Feb 28, 2008

Tuk Tuk to Nowhere (Ian's Diary)

The dream has failed, the honda is lost, and we are again without a motorbike to call our own.

Seth and i split ways in Luang to the MOtherlovin Prabang, Laos. Seth took the Dream II Motobike, and i hoofed it on the Tuk Tuk route. We were to meet up in Thailand. The trip turned out to be more harrowing than we thought. I had to take four seperate rides, and with each succesive ride the road got bumpier, dustier, less traveled, and less english spoken. I got covered in dust, had only 20 american dollars, but all in one currency (laos KIP), two guitars, a backpack, and a motobike helmut.

After the first 5 hour Tuk Tuk ride, which at one point held 23 people in its tank, 6 chickens, three women with three umbrellas, three babies, three baby slings, and three bags of food, along with one FaLang (white person), i stopped in Xayaboury. I attempted to find seth here, to no avail, and went wandering in the streets of this dusty one road town. I was almost immediately hailed by a group of young Laos peoples, sitting around a table with around 30 beer bottles emptied at their feet. One girl was holding a cup, filling it with beer, and handing it to one person at a time. THis is the way they drink, that one girl decides how drunk you get. Being the "faLang" i got my own cup, and got to drink everytime any one else did. In a drunken stupor i jumped on the back of a motorbike, and they drove me to a guesthouse, where i drunkenly argued the price down by 40% and flopped on the bed, only to awaken four hours later to turn the light out.

The next morning, every single person i asked about getting to the laos Thai border told me "No" . Ummmmm?!@?
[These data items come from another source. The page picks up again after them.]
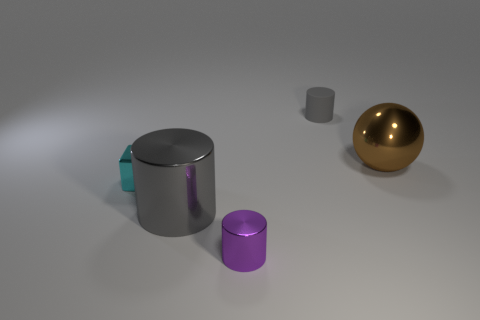Subtract all small gray cylinders. How many cylinders are left? 2 Subtract all yellow cylinders. Subtract all yellow cubes. How many cylinders are left? 3 Add 4 metallic cylinders. How many objects exist? 9 Subtract 1 purple cylinders. How many objects are left? 4 Subtract all blocks. How many objects are left? 4 Subtract all tiny purple cylinders. Subtract all gray metal objects. How many objects are left? 3 Add 1 tiny cyan shiny cubes. How many tiny cyan shiny cubes are left? 2 Add 2 tiny matte cylinders. How many tiny matte cylinders exist? 3 
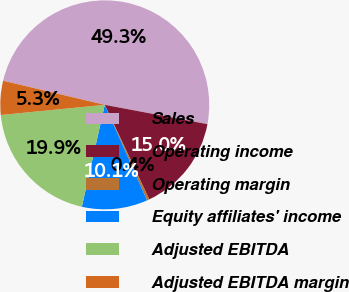Convert chart to OTSL. <chart><loc_0><loc_0><loc_500><loc_500><pie_chart><fcel>Sales<fcel>Operating income<fcel>Operating margin<fcel>Equity affiliates' income<fcel>Adjusted EBITDA<fcel>Adjusted EBITDA margin<nl><fcel>49.26%<fcel>15.04%<fcel>0.37%<fcel>10.15%<fcel>19.93%<fcel>5.26%<nl></chart> 
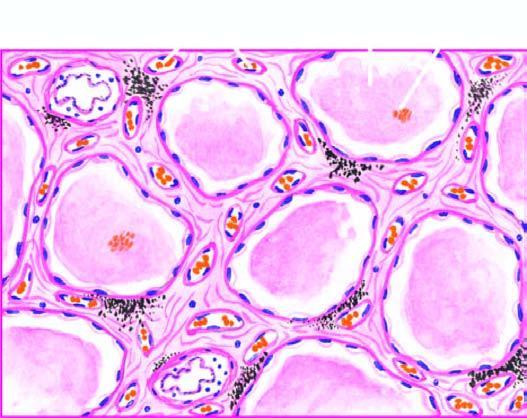what are congested?
Answer the question using a single word or phrase. The alveolar capillaries

I finally wandered upon a tuk tuk driver who told me he'd take me to Pak MOng, I have no map at this point, and no guide book, really a stupid faLang, and just figure, that doesn't sound north of here, and off i went.

With the name of the border town written down, Nam Hueng, i managed to finneagle my way to the border, and walked the last 6 KM as opposed to paying 3 dollars for the taxi.

The border was absolute chaos. There was a bazaar of food vendors, small shoe stores, a construction site, and a Thai-Lao friendship bridge. There were no signs, no white people, and one long line of Laos people, with military men filling out forms in the open air. I waited in the line for about 30 minutes after devouring two meat sticks. (mystery meat) Finally a military man motioned me over, and pointed in the general direction of the border and off i went.

Another random building appeared and i stopped to ask what to do. The military man then looked at me, pointed at the dream and produced seths email address. He had been here yesterday, and the dream had not been allowed into thailand, and seth had not been allowed back into Laos. No matter his bribing or insisting. The military man then told me in a grave way that my friend was in the hospital in Loei.

What? in the hospital? for what? and how did he get there with out the motorbike? So once again i got on an unknown number of tuk tuks to a destination that was never actually stated, with only Laos currency, and made my way to Loei, where my bank card didn't work at the bank, and the two hospitals didn't contain seth, and finally i got three laos girls found at a hotel to change my kip into baht, because my bank blocked my account once again!

It turns out seth tried to use a made up heart condition to get the border control to let him in, which didn't work. I met up with him, and have had some relaxing days in a charming little city in the north of thailand.

The dream may be over, but our thailand adventures are just beginning.